The calculation follows the steps: 1. Calculate attention scores using `query` and `key` with shape `(batch_size, Tq, Tv)`. 2. Use scores to calculate a softmax distribution with shape `(batch_size, Tq, Tv)`. 3. Use the softmax distribution to create a linear combination of `value` with shape `(batch_size, Tq, dim)`.

Arguments

• use_scale: If `True`, will create a scalar variable to scale the attention scores.
• dropout: Float between 0 and 1. Fraction of the units to drop for the attention scores. Defaults to `0.0`.
• seed: A Python integer to use as random seed incase of `dropout`.
• score_mode: Function to use to compute attention scores, one of `{"dot", "concat"}`. `"dot"` refers to the dot product between the query and key vectors. `"concat"` refers to the hyperbolic tangent of the concatenation of the `query` and `key` vectors.

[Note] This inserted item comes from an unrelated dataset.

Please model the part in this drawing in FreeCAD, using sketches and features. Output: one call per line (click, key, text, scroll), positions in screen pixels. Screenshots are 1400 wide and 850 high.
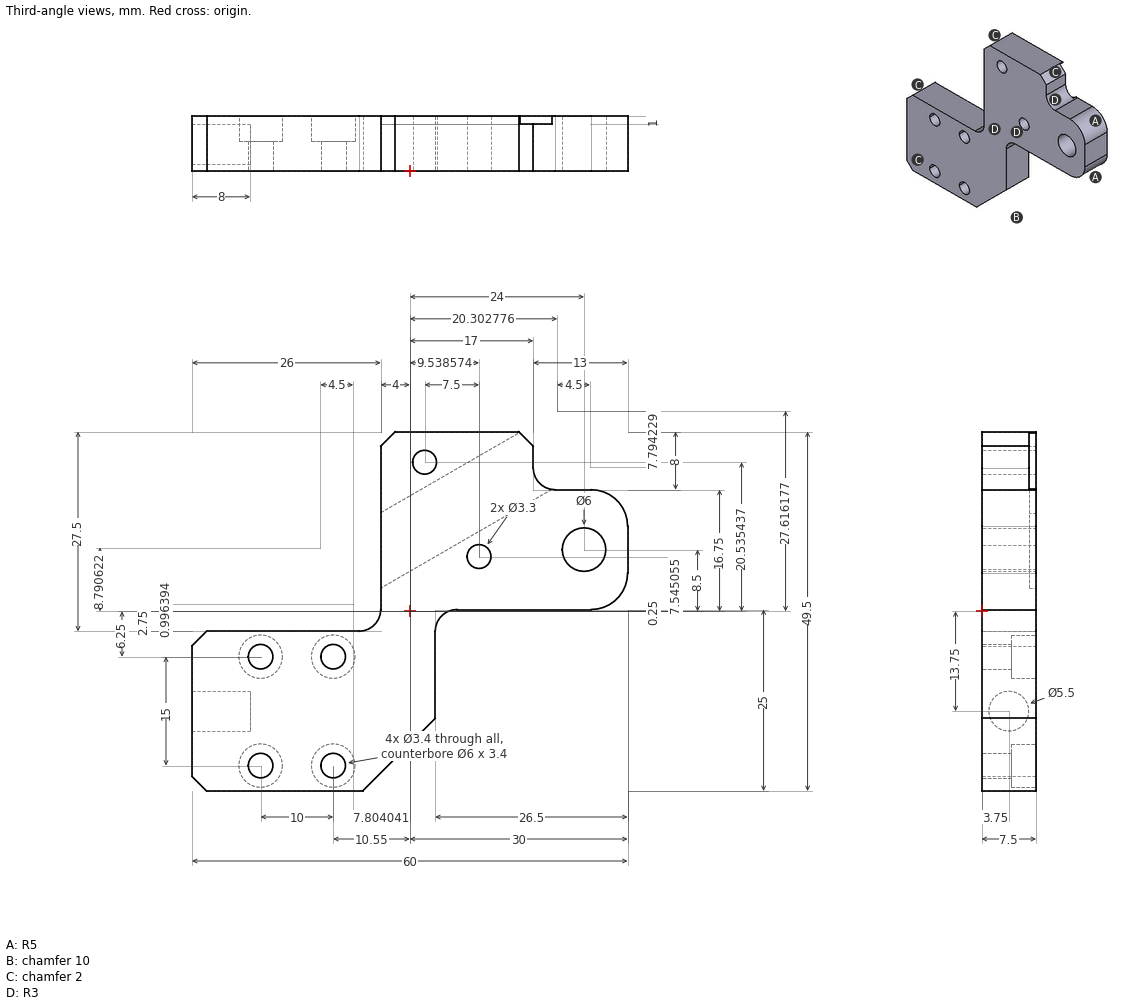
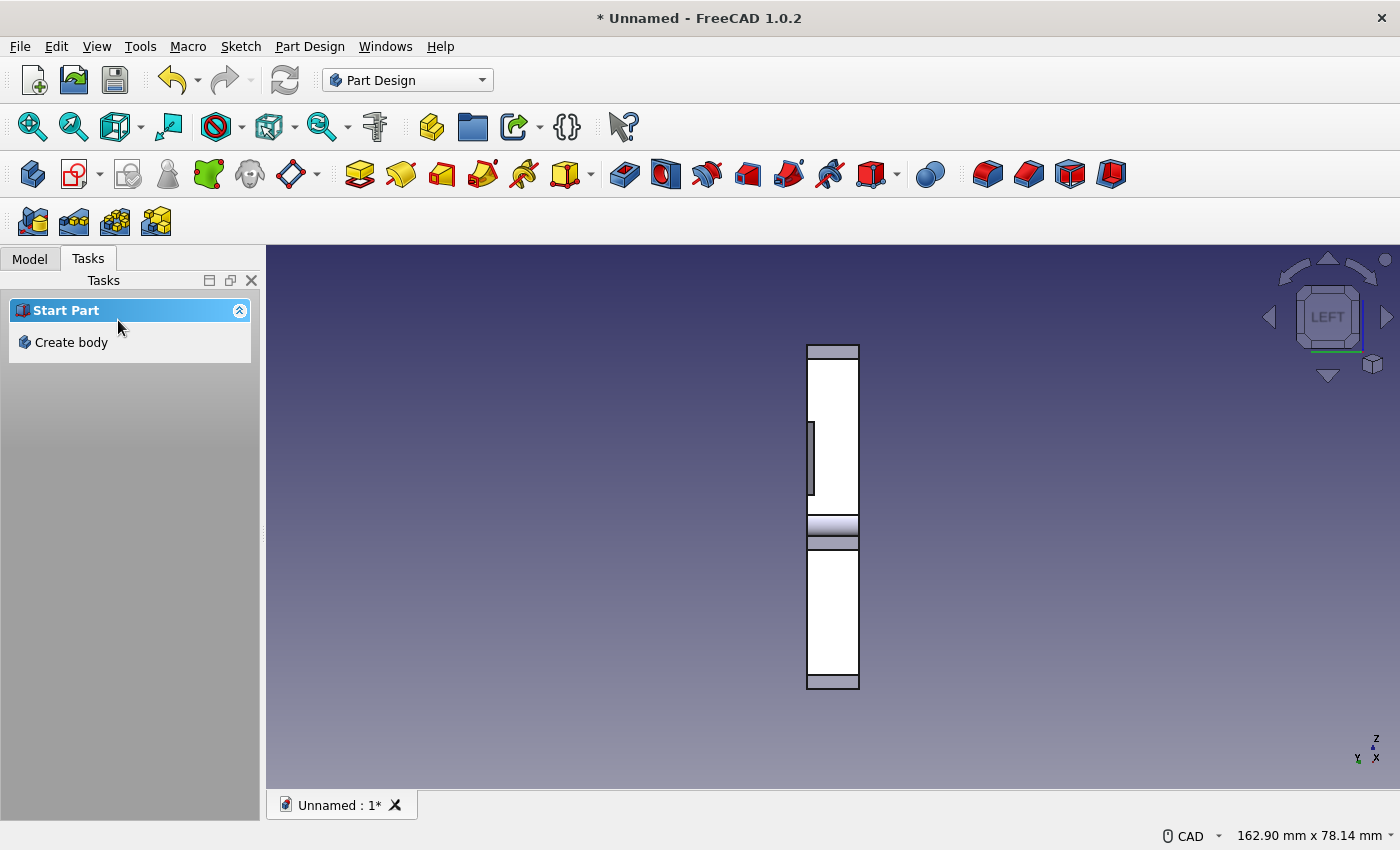
click(833, 576)

Call # Arguments inputs: List of the following tensors: - `query`: Query tensor of shape `(batch_size, Tq, dim)`. - `value`: Value tensor of shape `(batch_size, Tv, dim)`. - `key`: Optional key tensor of shape `(batch_size, Tv, dim)`. If not given, will use `value` for both `key` and `value`, which is the most common case. mask: List of the following tensors: - `query_mask`: A boolean mask tensor of shape `(batch_size, Tq)`. If given, the output will be zero at the positions where `mask==False`. - `value_mask`: A boolean mask tensor of shape `(batch_size, Tv)`. If given, will apply the mask such that values at positions where `mask==False` do not contribute to the result. return_attention_scores: bool, it `True`, returns the attention scores (after masking and softmax) as an additional output argument. training: Python boolean indicating whether the layer should behave in training mode (adding dropout) or in inference mode (no dropout). use_causal_mask: Boolean. Set to `True` for decoder self-attention. Adds a mask such that position `i` cannot attend to positions `j > i`. This prevents the flow of information from the future towards the past. Defaults to `False`.

Output: Attention outputs of shape `(batch_size, Tq, dim)`. (Optional) Attention scores after masking and softmax with shape `(batch_size, Tq, Tv)`.